Question

what is this definite integral equal to?

Answer 1

\[\int\limits_{0}^{\pi/3} \sec \theta d \theta\]

Answer 2

To do this one you need a special trick:

\[\sec(\theta) =\frac{ \sec(\theta)(\sec(\theta)+\tan(\theta)) }{ \sec(\theta) + \tan(\theta) }\]

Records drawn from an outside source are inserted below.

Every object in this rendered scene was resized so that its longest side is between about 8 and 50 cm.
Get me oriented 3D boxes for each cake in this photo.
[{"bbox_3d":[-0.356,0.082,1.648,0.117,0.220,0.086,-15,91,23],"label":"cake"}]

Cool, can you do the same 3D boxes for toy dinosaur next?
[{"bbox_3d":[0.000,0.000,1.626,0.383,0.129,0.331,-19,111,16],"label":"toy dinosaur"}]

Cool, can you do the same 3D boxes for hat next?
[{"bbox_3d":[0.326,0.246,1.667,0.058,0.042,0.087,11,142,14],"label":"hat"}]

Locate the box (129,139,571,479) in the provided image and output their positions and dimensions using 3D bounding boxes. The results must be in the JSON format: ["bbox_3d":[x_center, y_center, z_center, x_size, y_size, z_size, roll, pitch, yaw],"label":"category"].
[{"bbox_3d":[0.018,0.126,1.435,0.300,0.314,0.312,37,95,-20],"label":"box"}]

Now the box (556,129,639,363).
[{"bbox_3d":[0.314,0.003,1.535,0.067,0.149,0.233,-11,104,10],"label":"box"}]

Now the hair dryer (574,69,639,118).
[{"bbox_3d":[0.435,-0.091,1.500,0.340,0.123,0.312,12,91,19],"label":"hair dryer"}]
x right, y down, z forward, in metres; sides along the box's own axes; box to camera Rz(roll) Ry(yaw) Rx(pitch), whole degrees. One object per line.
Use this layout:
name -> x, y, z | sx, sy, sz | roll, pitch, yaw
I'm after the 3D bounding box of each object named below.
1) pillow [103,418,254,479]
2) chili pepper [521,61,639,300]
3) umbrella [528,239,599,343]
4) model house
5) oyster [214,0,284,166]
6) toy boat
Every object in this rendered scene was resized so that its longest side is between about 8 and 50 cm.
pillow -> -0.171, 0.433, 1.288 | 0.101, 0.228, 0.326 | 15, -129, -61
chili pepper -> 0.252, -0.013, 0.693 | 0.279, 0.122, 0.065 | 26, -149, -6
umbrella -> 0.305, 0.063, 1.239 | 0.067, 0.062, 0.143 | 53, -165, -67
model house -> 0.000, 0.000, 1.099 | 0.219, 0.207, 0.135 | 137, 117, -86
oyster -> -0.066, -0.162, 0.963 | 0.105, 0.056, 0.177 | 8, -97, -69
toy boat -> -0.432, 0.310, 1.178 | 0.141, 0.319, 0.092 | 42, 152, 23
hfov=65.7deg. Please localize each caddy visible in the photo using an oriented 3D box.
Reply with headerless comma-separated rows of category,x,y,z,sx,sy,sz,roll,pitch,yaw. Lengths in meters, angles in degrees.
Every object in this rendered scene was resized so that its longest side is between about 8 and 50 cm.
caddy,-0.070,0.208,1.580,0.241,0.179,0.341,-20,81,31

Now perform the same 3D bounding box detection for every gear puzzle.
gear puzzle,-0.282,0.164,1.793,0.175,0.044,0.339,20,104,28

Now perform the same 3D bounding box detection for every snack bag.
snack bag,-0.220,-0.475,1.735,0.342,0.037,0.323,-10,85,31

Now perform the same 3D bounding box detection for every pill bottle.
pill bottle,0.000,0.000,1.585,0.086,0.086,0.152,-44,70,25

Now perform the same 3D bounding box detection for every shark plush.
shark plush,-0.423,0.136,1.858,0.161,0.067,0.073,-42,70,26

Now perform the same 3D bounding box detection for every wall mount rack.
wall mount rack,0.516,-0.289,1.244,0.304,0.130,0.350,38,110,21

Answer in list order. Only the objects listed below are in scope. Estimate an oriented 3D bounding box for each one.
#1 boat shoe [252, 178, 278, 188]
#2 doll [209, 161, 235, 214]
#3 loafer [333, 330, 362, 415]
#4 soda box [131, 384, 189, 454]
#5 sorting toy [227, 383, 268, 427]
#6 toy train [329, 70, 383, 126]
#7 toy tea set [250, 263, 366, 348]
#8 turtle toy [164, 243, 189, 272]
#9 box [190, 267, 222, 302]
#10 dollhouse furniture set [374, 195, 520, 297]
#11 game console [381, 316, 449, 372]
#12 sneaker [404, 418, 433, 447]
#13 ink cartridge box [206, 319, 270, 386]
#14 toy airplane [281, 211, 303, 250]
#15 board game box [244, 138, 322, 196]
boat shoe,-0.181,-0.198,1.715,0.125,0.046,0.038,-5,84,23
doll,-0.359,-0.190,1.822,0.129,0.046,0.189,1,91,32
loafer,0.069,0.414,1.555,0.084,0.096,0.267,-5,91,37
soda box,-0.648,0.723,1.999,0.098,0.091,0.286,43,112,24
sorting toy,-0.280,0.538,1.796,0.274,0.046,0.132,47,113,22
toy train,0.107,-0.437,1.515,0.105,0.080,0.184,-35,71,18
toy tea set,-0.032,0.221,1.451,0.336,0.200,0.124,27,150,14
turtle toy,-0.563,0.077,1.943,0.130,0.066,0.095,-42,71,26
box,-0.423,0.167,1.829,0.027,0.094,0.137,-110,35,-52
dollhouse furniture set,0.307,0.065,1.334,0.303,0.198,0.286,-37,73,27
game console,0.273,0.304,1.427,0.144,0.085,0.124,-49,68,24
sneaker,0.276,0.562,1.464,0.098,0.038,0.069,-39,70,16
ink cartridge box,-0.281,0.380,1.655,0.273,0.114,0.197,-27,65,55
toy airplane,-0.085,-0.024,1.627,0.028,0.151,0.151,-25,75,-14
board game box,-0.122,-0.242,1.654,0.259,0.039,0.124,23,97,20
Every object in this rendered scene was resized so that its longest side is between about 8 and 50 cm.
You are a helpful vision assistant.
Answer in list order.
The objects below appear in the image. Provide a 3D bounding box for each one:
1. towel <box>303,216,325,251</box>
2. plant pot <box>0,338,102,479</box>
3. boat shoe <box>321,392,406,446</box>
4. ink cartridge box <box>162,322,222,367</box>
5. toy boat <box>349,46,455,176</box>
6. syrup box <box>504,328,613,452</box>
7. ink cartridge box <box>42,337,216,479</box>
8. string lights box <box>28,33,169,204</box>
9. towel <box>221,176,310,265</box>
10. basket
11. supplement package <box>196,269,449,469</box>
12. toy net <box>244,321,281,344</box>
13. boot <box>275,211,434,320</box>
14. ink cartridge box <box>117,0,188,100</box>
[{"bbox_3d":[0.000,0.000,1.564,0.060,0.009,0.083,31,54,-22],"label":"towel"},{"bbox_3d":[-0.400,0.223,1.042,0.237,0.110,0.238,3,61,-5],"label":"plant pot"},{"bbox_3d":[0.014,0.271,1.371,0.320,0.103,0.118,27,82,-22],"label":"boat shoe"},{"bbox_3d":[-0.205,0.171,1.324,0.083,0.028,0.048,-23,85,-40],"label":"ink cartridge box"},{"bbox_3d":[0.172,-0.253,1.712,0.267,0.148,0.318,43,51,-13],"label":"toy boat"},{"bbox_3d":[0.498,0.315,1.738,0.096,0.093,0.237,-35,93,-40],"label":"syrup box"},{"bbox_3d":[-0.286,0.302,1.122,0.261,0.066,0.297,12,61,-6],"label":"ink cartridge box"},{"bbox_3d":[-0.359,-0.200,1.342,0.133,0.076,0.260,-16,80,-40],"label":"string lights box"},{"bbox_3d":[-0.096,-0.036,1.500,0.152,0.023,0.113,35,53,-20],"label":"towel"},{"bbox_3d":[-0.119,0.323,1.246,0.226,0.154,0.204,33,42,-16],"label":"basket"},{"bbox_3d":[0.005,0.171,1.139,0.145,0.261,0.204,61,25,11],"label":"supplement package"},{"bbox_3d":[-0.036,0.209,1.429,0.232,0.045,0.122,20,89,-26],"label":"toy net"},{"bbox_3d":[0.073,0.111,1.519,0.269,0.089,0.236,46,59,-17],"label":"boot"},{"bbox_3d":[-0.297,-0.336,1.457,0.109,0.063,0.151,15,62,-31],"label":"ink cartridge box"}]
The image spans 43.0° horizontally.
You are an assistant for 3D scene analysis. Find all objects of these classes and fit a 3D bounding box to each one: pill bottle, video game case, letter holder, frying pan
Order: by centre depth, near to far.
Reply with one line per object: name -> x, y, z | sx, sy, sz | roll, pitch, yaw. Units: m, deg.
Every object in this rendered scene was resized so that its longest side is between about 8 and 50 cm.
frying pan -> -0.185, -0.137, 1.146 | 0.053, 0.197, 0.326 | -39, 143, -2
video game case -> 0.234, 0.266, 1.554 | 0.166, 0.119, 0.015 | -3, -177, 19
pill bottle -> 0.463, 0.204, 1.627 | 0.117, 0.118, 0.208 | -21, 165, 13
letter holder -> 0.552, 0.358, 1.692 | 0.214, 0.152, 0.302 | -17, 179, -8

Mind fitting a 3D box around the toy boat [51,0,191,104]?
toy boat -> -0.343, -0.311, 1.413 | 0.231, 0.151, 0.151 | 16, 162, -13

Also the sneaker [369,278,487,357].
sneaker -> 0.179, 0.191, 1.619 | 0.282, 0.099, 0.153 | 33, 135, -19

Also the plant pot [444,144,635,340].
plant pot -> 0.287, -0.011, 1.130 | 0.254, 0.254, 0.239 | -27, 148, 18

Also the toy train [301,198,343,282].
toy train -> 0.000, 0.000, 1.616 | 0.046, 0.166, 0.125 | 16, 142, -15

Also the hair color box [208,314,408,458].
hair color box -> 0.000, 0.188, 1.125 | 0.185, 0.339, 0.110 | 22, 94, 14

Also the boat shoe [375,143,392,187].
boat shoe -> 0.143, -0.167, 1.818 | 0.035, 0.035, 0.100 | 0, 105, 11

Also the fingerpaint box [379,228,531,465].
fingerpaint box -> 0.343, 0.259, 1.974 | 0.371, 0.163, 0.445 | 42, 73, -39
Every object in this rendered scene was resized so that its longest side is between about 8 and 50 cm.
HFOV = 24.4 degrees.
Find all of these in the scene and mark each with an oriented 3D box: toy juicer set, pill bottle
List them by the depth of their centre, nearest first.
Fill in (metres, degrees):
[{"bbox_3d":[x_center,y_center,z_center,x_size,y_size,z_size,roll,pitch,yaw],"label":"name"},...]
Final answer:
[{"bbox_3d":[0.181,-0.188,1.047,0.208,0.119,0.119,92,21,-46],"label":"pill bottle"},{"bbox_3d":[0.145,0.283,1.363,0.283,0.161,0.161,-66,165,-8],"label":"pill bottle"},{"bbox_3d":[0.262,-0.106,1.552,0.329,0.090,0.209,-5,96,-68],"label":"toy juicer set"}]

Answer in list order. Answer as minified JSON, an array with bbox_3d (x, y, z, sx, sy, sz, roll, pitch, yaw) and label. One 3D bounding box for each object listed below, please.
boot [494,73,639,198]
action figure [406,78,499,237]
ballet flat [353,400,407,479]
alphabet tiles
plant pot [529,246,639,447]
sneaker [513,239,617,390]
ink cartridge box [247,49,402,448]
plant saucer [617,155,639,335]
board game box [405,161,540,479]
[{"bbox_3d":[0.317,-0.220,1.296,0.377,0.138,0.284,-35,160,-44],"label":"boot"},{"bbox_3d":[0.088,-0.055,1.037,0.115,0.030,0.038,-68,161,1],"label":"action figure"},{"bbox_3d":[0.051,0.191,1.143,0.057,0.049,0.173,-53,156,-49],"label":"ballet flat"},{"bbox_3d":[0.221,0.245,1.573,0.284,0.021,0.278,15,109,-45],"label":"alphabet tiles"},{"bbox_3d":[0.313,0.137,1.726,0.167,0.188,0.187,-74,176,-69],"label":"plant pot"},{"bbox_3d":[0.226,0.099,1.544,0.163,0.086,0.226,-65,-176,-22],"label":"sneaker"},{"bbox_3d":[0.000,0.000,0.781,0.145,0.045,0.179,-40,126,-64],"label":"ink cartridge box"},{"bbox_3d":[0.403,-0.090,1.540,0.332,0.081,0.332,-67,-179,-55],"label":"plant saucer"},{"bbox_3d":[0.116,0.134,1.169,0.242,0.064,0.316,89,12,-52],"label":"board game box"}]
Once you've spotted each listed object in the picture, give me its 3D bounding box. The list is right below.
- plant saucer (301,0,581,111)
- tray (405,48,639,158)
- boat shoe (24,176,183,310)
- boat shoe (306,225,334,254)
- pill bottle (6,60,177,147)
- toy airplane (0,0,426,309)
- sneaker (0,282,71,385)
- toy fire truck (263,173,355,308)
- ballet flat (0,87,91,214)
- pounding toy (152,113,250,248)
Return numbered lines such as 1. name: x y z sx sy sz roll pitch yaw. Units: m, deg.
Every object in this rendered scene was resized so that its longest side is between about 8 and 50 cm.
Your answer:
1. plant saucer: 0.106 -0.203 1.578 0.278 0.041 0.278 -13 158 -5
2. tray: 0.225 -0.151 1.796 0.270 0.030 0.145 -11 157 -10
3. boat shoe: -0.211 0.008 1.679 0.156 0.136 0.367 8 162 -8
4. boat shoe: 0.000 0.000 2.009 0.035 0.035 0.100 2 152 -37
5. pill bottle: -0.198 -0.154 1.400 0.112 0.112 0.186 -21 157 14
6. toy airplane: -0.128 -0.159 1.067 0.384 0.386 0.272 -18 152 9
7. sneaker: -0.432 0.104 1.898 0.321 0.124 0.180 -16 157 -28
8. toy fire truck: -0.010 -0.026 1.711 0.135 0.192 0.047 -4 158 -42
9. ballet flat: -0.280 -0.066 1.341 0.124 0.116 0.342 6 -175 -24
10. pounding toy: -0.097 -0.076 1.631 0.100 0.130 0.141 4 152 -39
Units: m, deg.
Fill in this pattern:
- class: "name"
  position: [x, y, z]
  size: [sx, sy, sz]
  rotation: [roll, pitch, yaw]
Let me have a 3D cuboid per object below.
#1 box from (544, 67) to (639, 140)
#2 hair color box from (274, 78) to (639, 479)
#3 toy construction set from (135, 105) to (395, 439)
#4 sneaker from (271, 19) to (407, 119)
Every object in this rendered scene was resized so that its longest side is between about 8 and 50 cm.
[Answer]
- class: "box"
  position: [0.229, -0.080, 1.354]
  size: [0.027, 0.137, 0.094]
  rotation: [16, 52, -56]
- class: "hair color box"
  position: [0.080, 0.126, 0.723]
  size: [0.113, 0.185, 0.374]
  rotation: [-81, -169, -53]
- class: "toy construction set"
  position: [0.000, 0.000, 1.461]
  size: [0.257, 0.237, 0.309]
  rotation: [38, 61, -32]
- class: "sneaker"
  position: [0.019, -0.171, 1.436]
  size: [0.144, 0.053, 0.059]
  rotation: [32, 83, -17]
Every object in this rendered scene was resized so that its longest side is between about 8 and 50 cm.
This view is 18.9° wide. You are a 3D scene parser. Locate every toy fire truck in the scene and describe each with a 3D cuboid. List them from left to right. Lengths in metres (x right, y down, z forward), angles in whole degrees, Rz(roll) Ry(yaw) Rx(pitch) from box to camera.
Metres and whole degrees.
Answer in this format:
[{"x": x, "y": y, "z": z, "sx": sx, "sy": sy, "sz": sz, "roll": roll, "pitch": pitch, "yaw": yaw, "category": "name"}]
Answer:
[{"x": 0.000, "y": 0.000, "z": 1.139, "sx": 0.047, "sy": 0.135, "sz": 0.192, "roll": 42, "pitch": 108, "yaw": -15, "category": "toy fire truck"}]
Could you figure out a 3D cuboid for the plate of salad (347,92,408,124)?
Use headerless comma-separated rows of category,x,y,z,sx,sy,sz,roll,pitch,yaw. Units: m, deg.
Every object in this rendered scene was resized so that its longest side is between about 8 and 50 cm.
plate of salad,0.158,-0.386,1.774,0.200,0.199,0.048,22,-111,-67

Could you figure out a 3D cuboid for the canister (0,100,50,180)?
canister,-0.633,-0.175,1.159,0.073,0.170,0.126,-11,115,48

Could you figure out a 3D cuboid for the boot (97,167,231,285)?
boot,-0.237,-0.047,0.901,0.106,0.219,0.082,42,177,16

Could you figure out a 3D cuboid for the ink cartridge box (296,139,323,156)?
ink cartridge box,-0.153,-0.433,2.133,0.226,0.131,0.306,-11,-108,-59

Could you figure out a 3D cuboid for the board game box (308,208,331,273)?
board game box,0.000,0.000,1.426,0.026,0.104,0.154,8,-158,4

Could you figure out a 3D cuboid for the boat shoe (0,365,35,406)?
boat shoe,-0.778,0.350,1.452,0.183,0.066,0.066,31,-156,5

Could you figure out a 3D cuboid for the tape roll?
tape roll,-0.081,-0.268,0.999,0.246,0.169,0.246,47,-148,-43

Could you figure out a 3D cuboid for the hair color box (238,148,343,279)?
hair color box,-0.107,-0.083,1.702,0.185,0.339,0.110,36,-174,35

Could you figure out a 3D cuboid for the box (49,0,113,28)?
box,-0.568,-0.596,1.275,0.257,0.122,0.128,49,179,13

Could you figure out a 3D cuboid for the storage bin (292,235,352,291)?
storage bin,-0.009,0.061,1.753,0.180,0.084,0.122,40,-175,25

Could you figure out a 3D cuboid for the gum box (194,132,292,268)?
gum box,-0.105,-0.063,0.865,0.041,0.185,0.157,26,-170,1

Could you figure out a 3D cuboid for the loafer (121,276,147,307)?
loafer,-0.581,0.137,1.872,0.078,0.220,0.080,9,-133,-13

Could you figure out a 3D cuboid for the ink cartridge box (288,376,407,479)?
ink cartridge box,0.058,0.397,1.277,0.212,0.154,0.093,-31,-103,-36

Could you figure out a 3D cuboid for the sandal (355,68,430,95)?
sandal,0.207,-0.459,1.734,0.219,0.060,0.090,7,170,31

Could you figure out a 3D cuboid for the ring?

Then try differentiate the denominator and see what you get ;)

Answer 3

ahh okay so unless i knew that part then I couldn't do it? xD

Answer 4

yeah it is one of those interesting ones.
can you see what you need to do now?

Answer 5

No :S

Answer 6

use integration by part

Answer 7

oh

Answer 8

ok differentiate
\[\sec \theta + \tan \theta\]
then look at the numerator of my expression prior...

Answer 9

ohh nvm lol i was thinking integrate that for some reason xD Okay thank you!!!

Answer 10

so use substitution, correct?

Answer 11

there's no substitution. It just turns out to be a nice integral leading to a logarithm according to
\[\int\limits \frac{ f'(x) }{ f(x) } dx = \ln|f(x)| + C\]

Answer 12

if you know the special trick, that is. IOW, it's horrible :)

Answer 13

lol okay thank you again!!

Answer 14

Full proof below:
\[\sec \theta = \frac{ \sec \theta ~(\sec \theta + \tan \theta )}{ (\sec \theta + \tan \theta)} = \frac{ \sec^2 \theta + \sec \theta \tan \theta }{ \sec \theta + \tan \theta} =\frac{ \frac{ d }{ dx } (\sec \theta + \tan \theta) }{ \sec \theta + \tan \theta } \]

\[\int\limits \sec \theta ~d \theta = \int\limits \frac{ \frac{ d }{ d \theta }(\sec \theta + \tan \theta) }{ \sec \theta + \tan \theta } d \theta = \ln|\sec \theta + \tan \theta| + C\]

Answer 15

wow :O thanks!!

Answer 16

it's not too dissimilar to how you figure out the integral of tan(theta) for instance when you write it as the ratio of sine to cosine...

Answer 17

Ah okay gotcha